Let $X = \mathbb{P}^1 \times \mathbb{P}^1$ over a field $k$ and consider $Ext^2(\mathcal{O}_X,\omega_X)\cong H^2(\omega_X) = H^2(\mathcal{O}_X(-2,-2)) = k$
Let $C = \mathbb{P}^1$. By Kunneth $H^2(\mathcal{O}_X(-2,-2))\cong H^1(\mathcal{O}_C(-2))\otimes H^1(\mathcal{O}_C(-2))$
I want to represent elements in these groups as extensions, i.e. exact sequence of sheaves upto a certain equivalence.
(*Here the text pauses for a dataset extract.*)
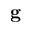Convert formula to latex. <formula><loc_0><loc_0><loc_500><loc_500>g</formula> 
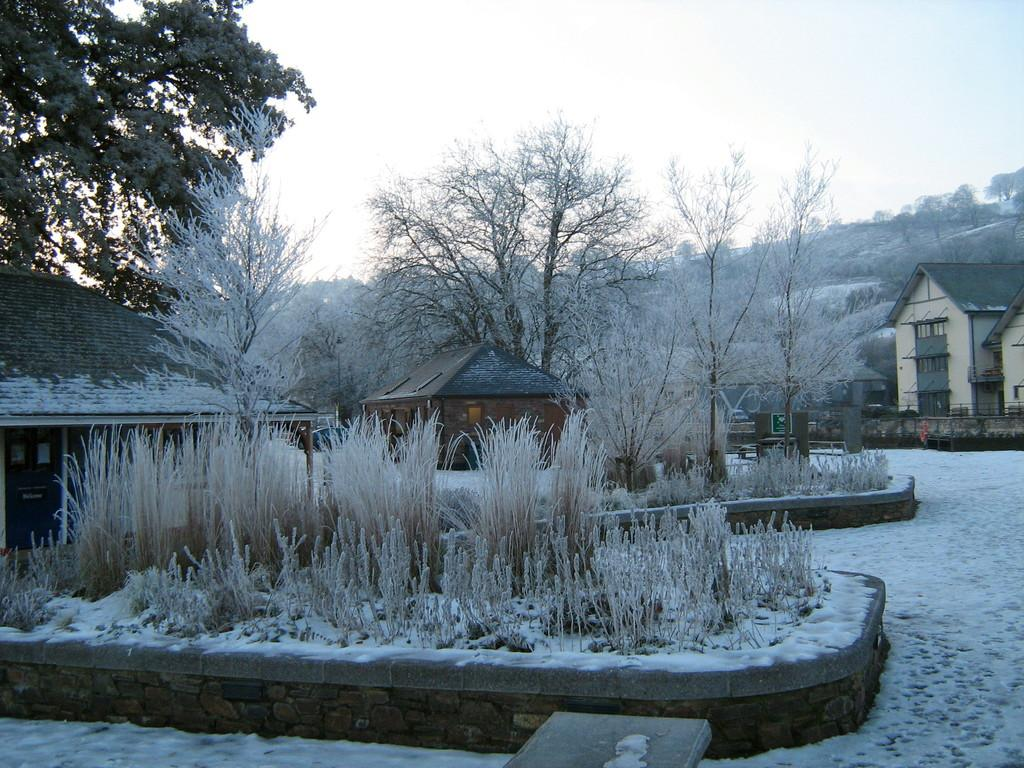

For example the nontrivial extension in $H^1(\mathcal{O}_C(-2))\cong Ext^1(\mathcal{O}_C,\mathcal{O}_C(-2))$ corresponds to $0\to \mathcal{O}(-2)\to \mathcal{O}(-1)^{\oplus 2} \to \mathcal{O}\to 0$
So the Kunneth isomorphism
$Ext^2(\mathcal{O}_X,\omega_X) \cong Ext^1(\mathcal{O}_C,\mathcal{O}_C(-2)) \otimes Ext^1(\mathcal{O}_C,\mathcal{O}_C(-2))$
suggests to me that one way to represent elements in the $Ext^2$ group is to pull back to two non trivial extensions to $X$ and stick them together. The issue is that there are two different ways to do this leading to
$\mathcal{O}_X(-2,-2) \to \mathcal{O}_X(-2,-1)^{\oplus 2} \to \mathcal{O}_X(-1,0)^{\oplus 2}\to \mathcal{O}_X$
or
$\mathcal{O}_X(-2,-2) \to \mathcal{O}_X(-1,-2)^{\oplus 2} \to \mathcal{O}_X(0,-1)^{\oplus 2}\to \mathcal{O}_X$
The sequences sent to each other by switching the components and they are also Serre dual sequences but they don't seem to be equivalent extensions because there aren't any non trivial homs between the middle terms (although I suspect I might be wrong about this).
QUESTION
Do the two not so short exact sequences above represent the same extension class in $Ext^2(\mathcal{O}_X,\mathcal{O}_X(-2,-2)$? If they are the same, how can we see they are equivalent?